Sebastian Bathge, Sozialarbeiter und selber HIVpositiv, sagt dazu ein klares „JA“!
„Auf der einen Seite muss darauf hingewirkt werden, dass sich Kranken- & Pflegepersonal neu mit dem Thema HIV auseinandersetzen müssen. Denn nur wer über aktuelles Wissen zu HIV verfügt, wird auch einen entsprechend normalen Umgang mit Menschen mit HIV führen. Auf der anderen Seite sollten HIVpositive Menschen aus ihrem eigenen Schattendasein springen und lernen, dass ein selbstbewusst offener Umgang mit der eigenen HIV-Infektion nicht zu HIV-Diskriminierungen führt. Ganz im Gegenteil, was die überwiegend positiven Erfahrungen von offen mit HIV lebenden Menschen beweisen.

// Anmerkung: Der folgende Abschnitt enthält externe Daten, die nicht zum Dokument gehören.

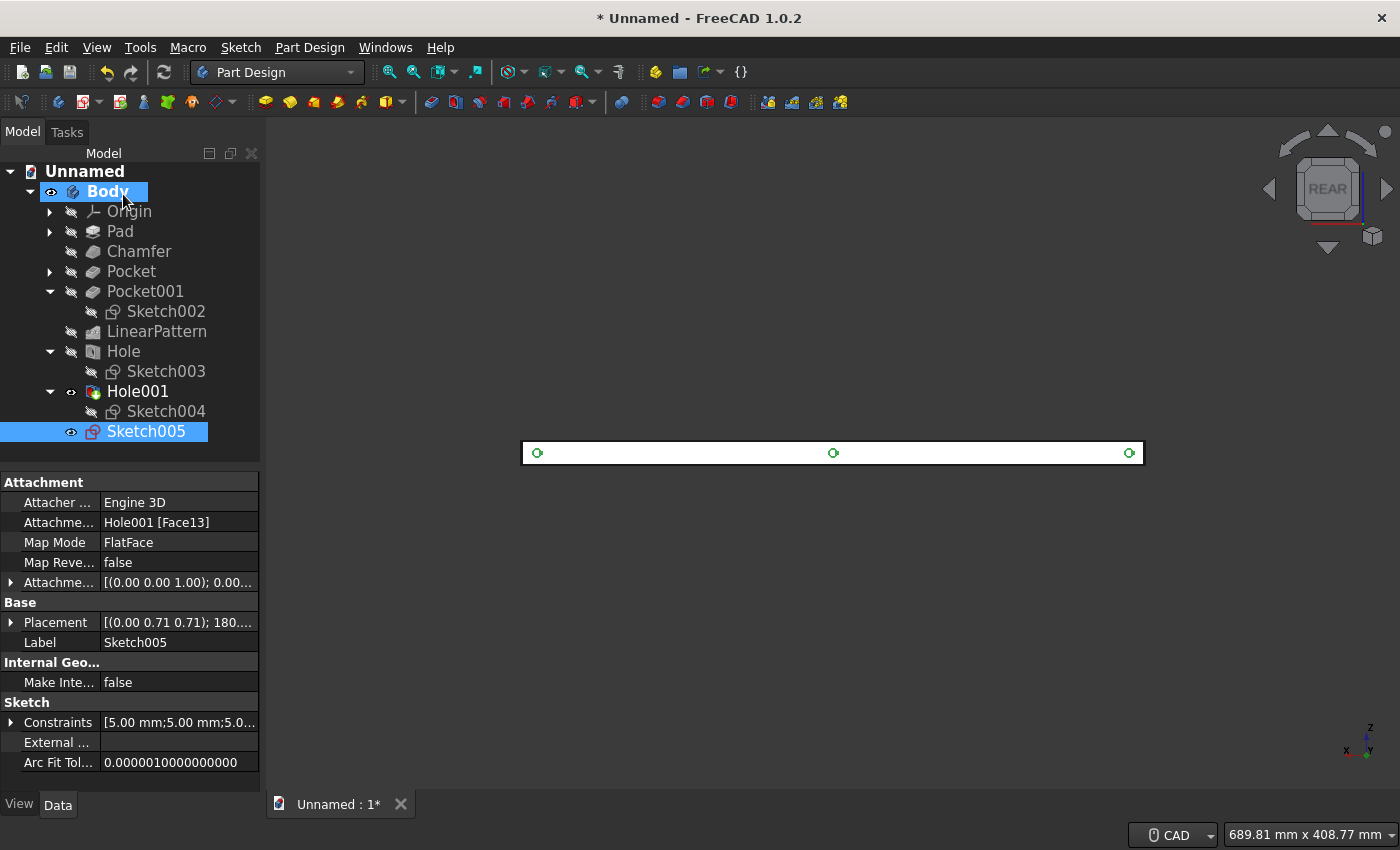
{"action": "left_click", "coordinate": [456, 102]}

Viele Menschen mit HIV trauen sich nicht, den ersten Schritt zu machen. Sie besitzen nicht den Mut, sich mit selbstbewusster Stimme zu offenbaren. Stattdessen kann ich nur dazu aufrufen sich zu informieren und im Falle von Begegnungen mit HIVpositiven Menschen ihre Solidarität bekunden und ihnen direkt mitzuteilen, dass dank des neusten Wissens ein guter Umgang mit HIV vorhanden ist .“
Sebastian Bathge
BA / s. A. Sozialarbeiter der Hannöverschen Aidshilfe e. V.